Figure 2.1. State-of-the-art commercial system-on-chip baseband architecture
2.2. Role of microelectronics
The tremendous improvement in mobile communication has to be considered alongside the progress in the microelectronic industry, which started with the invention of the transistor in the late 1940s (Shockley 1949), coincidentally at the same time as, when Shannon published his famous article (Shannon 1948). In the following decades, the semiconductor industry achieved an exponential increase in the number of transistors on a single chip, known as Moore’s law (Moore 1965), which is a further key driver of our information society. In today’s semiconductor technologies, two-digit million transistors can be integrated on 1 mm2 of silicon. For many decades, improvement in the silicon process technology provided better performance, lower cost per gate, higher integration density and lower power consumption. However, we have reached a point where Moore’s law is slowing down. The reasons for this slowdown are, in particular, the immense cost of new technologies and the design cost in these technologies, decreasing performance gain and increasing delay in interconnect and power/power density challenges, to name just a few.

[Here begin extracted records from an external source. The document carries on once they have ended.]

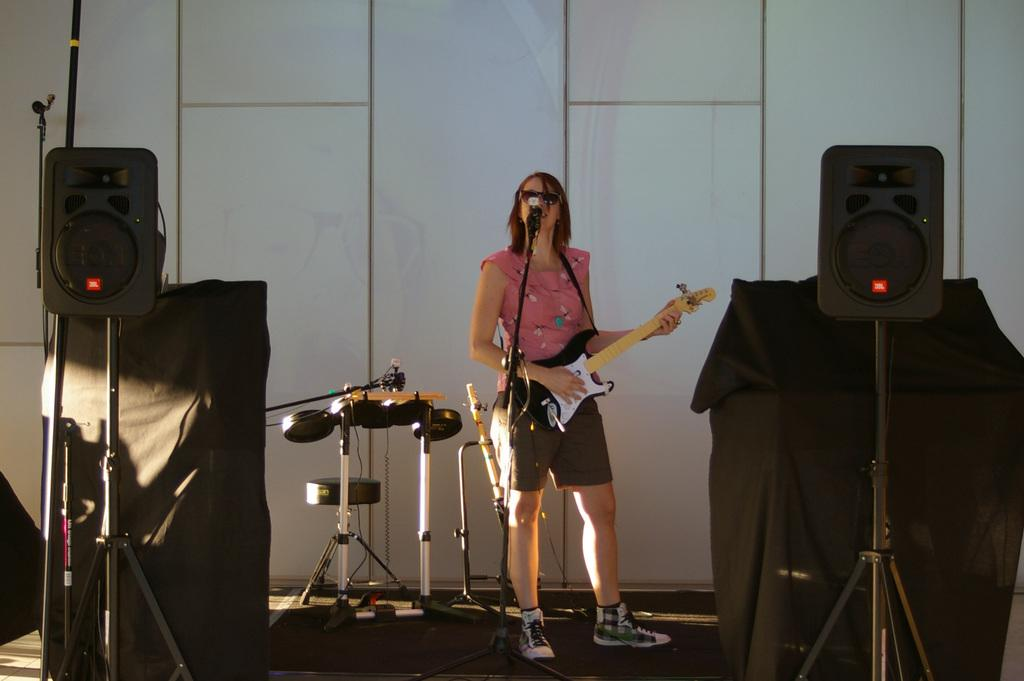Who is the main subject in the image? There is a woman in the image. What is the woman doing in the image? The woman is standing, playing a guitar, and singing on a microphone. What other objects related to music can be seen in the image? There are musical instruments and speakers in the image. What is visible in the background of the image? There is a wall in the background. What type of alarm can be heard going off in the image? There is no alarm present or audible in the image; it features a woman playing a guitar and singing on a microphone. What is the woman's chin doing while she is singing? The image does not provide information about the woman's chin while she is singing, as it focuses on her playing a guitar and singing on a microphone. 
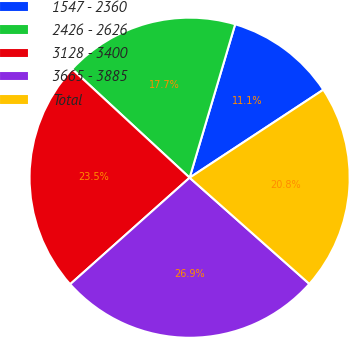Convert chart. <chart><loc_0><loc_0><loc_500><loc_500><pie_chart><fcel>1547 - 2360<fcel>2426 - 2626<fcel>3128 - 3400<fcel>3665 - 3885<fcel>Total<nl><fcel>11.14%<fcel>17.71%<fcel>23.47%<fcel>26.86%<fcel>20.81%<nl></chart> 
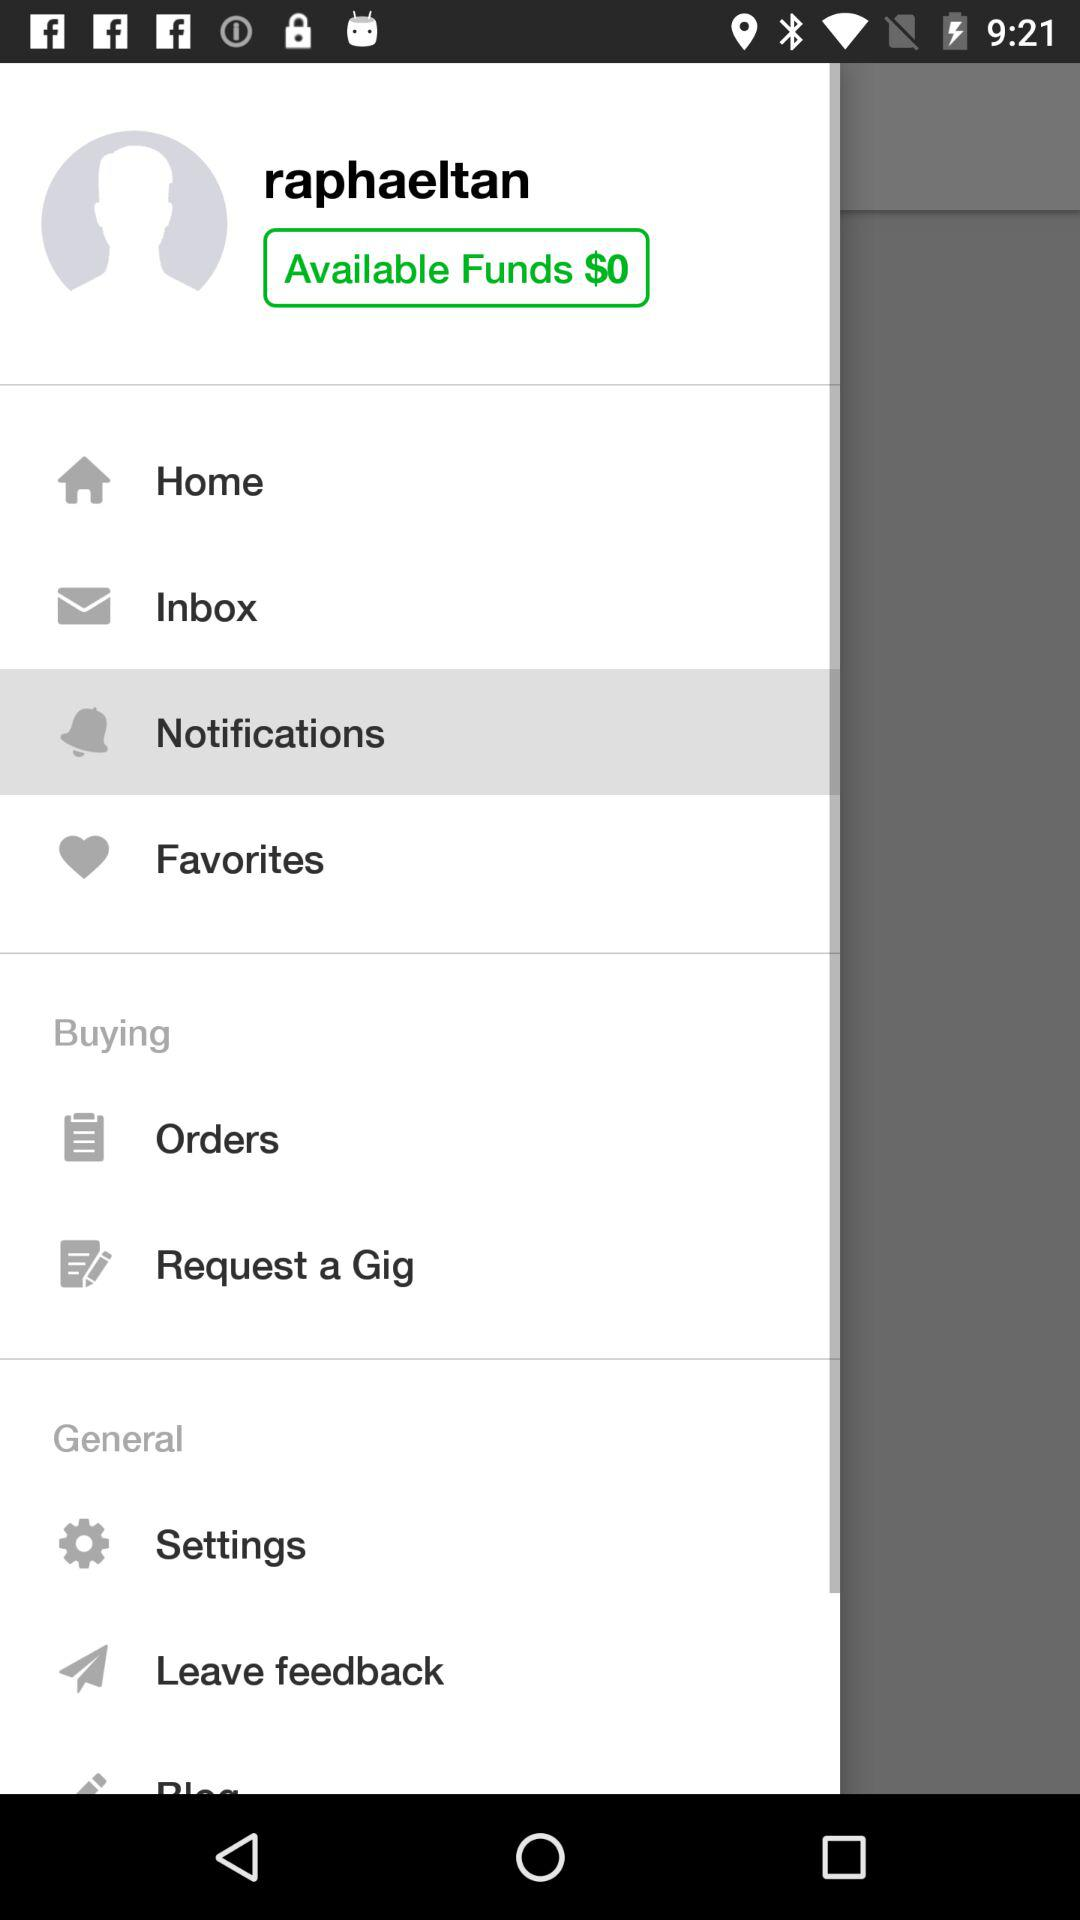What's the user profile name? The profile name is "raphaeltan". 
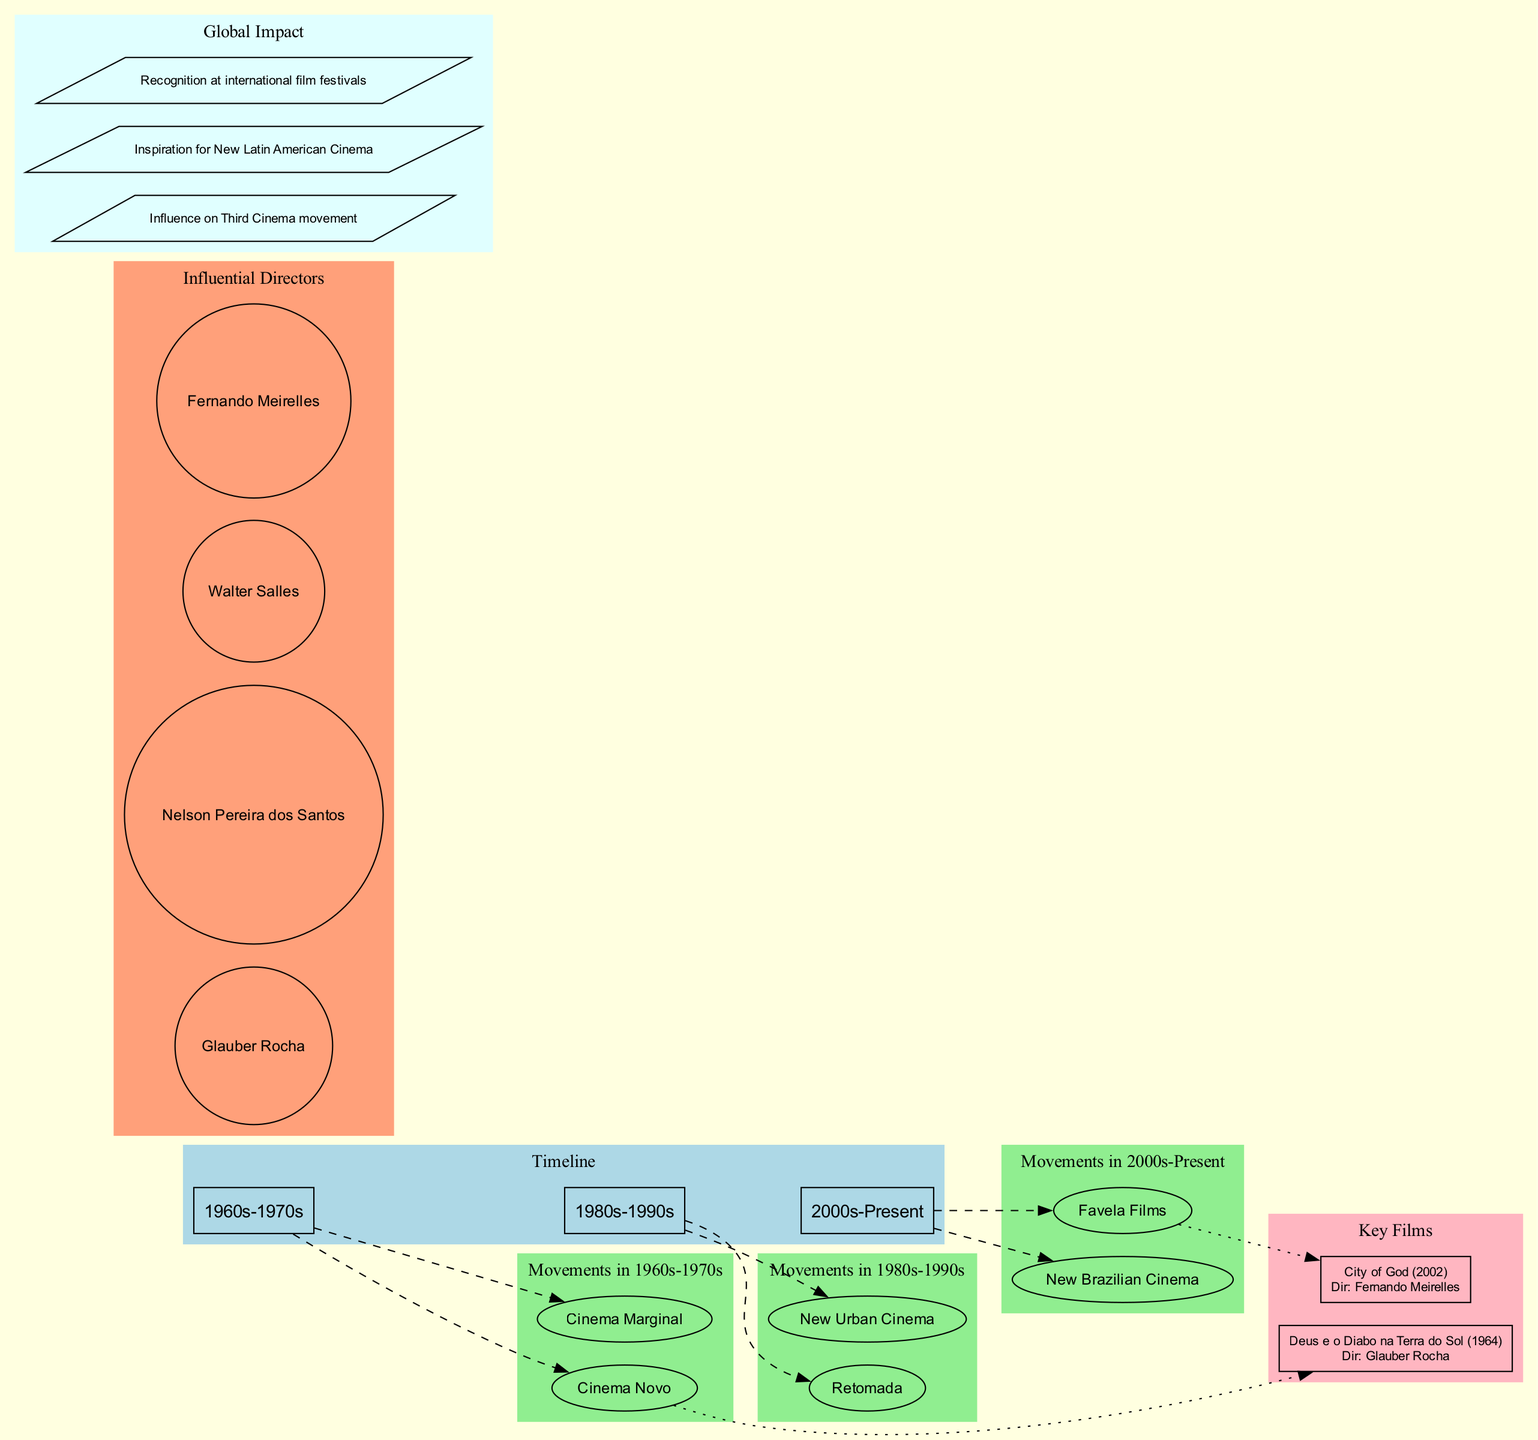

The question is, what contribution have microelectronics made to improve throughput and implementation efficiency in channel decoding in the past. As a case study, we consider two Turbo code decoders. Both decoders were designed with the same design methodology and have a very similar state-of-the-art architecture that exploits spatial parallelism and processes several sub-blocks on corresponding Maximum a Posteriori (MAP) decoders in parallel:
– the first decoder is a fully UMTS-compliant Turbo decoder implemented in a 180 nm technology. Under worst-case Process, Voltage and Temperature (PVT) conditions, a maximum frequency of 166 MHz is achieved, which results in a throughput of 71 Mbit/s at 6 decoding iterations. The total area is 30 mm2 (Thul et al. 2005);
– the second decoder is a fully LTE-compliant Turbo decoder implemented in a 65 nm technology, achieving a maximum frequency of 450 MHz under worst-case PVT conditions. It yields a throughput of 2. 15 Gbit/s at 6 decoding iterations and consumes 7.7 mm2 area (Ilnseher et al. 2012).
Three semiconductor technology nodes are between 180 nm and 65 nm technology. We observe a throughput increase by 30× although the improvement of frequency, which is limited by the critical path inside the MAP decoder, is only 3×. The improvement in area efficiency (throughput/area) is 118×. Hence, progress in microelectronics contributed to a huge improvement in area efficiency but much less to a frequency increase, and, thus, throughput increase. The throughput increase mainly originates from code design, i.e. conflict-free Turbo code interleavers that enable efficient implementation with a high degree of parallelism, advanced algorithmic and architectural features, such as next-iteration initialization, optimized radix-4 kernel, re-computation and advanced normalization to reduce internal bit widths. We see that microelectronics could not keep up with the increased requirements coming from communication systems. Thus, the design of communication systems is no longer just a matter of spectral efficiency or BER/FER. When it comes to implementation, channel coding requires a cross-layer approach covering information theory, algorithms, parallel hardware architectures and semiconductor technology to achieve excellent communications performance, high throughput, low latency, low power consumption and high energy and area efficiency (Scholl et al. 2016; Kestel et al. 2018a).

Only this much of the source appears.